* [Activity]: Your output should be one number, which is how many lines in the material contain "this".

++++ Input ++++

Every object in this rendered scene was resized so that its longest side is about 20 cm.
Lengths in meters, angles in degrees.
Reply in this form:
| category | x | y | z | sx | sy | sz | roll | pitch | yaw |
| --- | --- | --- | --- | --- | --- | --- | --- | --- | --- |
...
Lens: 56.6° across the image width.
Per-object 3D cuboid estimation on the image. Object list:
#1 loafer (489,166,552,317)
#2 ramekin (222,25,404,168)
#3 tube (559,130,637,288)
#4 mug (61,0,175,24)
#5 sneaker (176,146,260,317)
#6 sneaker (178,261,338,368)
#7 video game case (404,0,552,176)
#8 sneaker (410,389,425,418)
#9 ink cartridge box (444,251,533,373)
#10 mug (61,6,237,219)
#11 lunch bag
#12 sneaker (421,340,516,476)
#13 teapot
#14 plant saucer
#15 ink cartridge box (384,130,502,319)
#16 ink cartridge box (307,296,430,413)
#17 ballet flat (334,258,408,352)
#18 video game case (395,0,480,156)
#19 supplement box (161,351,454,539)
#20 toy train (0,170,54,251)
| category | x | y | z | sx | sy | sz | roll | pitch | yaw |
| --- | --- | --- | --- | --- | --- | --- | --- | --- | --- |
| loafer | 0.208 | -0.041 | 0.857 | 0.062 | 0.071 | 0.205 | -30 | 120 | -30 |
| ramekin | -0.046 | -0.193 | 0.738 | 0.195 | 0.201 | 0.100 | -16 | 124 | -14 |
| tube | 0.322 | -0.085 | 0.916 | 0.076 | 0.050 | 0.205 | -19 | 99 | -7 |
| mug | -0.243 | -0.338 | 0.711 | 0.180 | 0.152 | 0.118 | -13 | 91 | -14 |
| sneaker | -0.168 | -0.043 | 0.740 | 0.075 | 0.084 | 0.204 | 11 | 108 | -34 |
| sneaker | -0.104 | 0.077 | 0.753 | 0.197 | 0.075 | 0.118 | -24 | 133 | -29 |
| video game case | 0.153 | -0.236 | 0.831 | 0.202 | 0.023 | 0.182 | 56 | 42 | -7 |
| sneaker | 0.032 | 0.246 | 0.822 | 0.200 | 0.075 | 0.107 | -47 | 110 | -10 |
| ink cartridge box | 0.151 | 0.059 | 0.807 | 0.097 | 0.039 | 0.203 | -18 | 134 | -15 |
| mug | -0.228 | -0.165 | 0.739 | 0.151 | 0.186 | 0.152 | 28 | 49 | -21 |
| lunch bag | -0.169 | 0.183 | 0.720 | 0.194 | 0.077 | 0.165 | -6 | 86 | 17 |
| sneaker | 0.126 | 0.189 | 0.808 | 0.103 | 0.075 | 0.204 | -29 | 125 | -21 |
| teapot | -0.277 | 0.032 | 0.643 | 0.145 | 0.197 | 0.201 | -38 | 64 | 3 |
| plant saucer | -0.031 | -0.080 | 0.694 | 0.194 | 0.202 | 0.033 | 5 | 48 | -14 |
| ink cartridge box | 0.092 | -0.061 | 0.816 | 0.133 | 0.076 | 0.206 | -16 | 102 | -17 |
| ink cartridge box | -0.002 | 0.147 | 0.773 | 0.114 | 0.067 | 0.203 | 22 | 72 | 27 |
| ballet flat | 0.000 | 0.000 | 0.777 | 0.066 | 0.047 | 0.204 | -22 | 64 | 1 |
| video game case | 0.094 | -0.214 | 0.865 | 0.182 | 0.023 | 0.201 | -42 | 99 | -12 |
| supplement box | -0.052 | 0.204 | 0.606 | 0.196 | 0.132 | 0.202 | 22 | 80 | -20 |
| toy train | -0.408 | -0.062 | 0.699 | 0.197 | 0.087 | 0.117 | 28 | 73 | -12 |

++++

* [Result below]: 2